Het wordt spannend als Vitaliy zijn schoenen en sokken uitrekt en verder waadt door donker water dat tot kniehoogte reikt. Wij volgen, met onze fototoestellen strak tegen de borst geklemd. Het moeras is een grote spons. Als de rivieren veel water aanvoeren zoals nu, slurpt het water op, om het later langzaam weer los te laten. Lekker klimmen we uiteindelijk door het droge zand van een rivierduin omhoog naar een vogelhut. Vogels zien we niet, wel kanoërs met felgekleurde paddels. ”Die kano daar heb ik gemaakt”, wijst Vitaliy. Hij holt het duin af om te horen of die een beetje lekker vaart. Zonder nog in de prut weg te zakken lopen we verder door een naaldbos. Dan opent het landschap zich en kijken we prachtig uit over uitgestrekte rietvelden en het vrolijke geel van hooilanden. Een paard met stevige poten staat geduldig te wachten tot zijn baas aan de teugels trekt om weer een vracht hooi naar de boerderij te brengen. Een ooievaar wandelt statig door het lange gras. Over slingerde zanddijken, paars van de bloeiende tijm, lopen we heerlijk in het avondlicht naar de einder. Daar in het dorpje Lyub‘Yaz’ duiken jongens vanaf de brugleuning de plomp in.
Blauw-geel
Verderop langs de rechte asfaltweg, meer is het dorp niet, dansen de dorpelingen. In het hotel annex winkel van oud-voetballer Taras Mykhalyk van Dynamo Kiev is het bruiloftsfeest in volle gang. Op een Oekraïense discodeun danst een oude man met een meisje met blonde vlechten De tafels versierd met vrolijke gele en blauwe linten. “De kleuren van onze vlag. Het blauw staat voor onze hemel en het geel voor de graanvelden’, zegt een feestganger in het Italiaans.

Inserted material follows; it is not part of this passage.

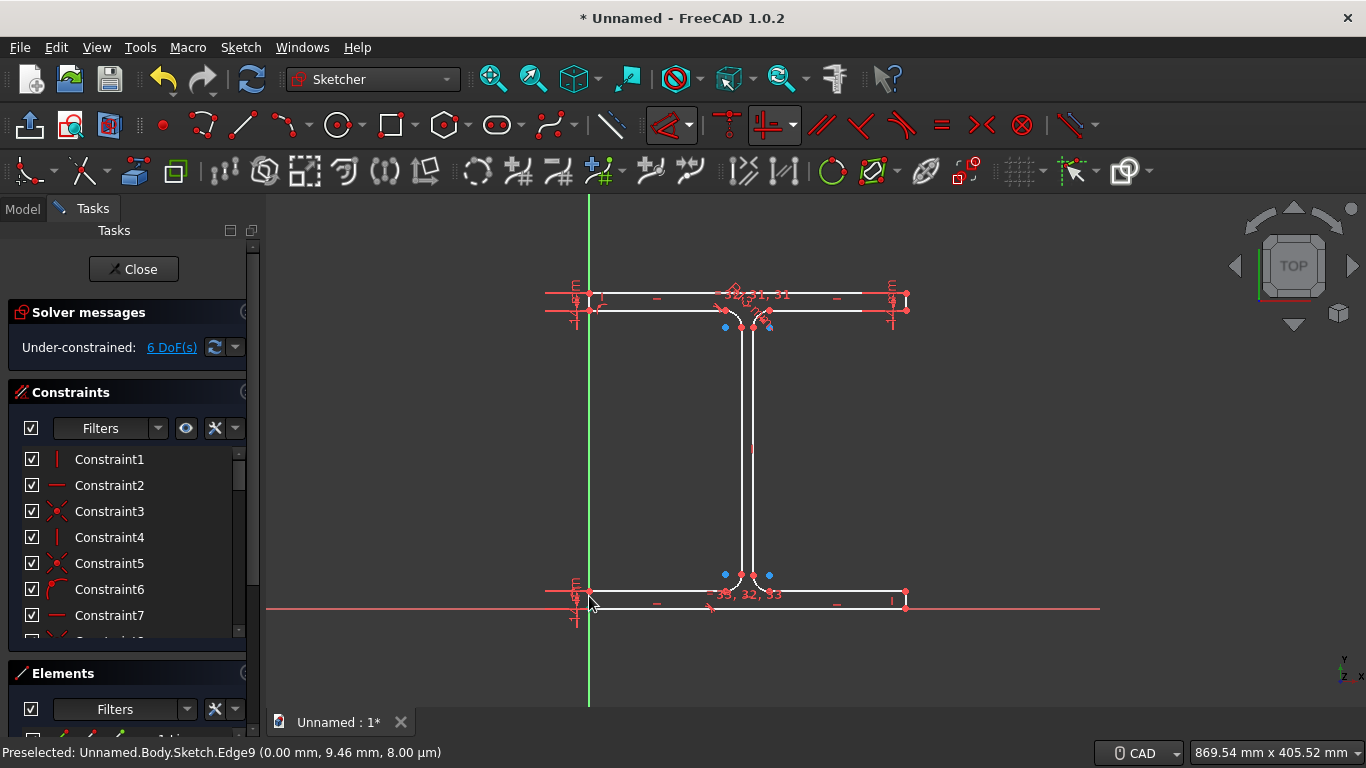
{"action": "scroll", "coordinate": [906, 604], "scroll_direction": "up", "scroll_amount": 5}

Over het terrein van de oude kolchoz lopen we naar onze datsja. De schuren zijn beroofd van hun daken, op een klein gebouwtje na. We drukken ons gezicht tegen het glas en turen naar binnen. Een timmerwerkplaats, zo lijkt het. Waarom gebeurt er met de rest van de gebouwen niets. Toch straling? En van wie zijn die bouwvallen eigenlijk? Later in bed lezen we in ‘Het land dat maar niet wil lukken’, van journaliste Fleur de Weerd, dat de staatbedrijven gelijkelijk verdeeld zijn onder de dorpsbewoners. Je aandeel verkopen mag niet, verhuren wel. Maar wie wat precies bezit is onduidelijk. Geen situatie om de verrotte boel eens lekker op te knappen.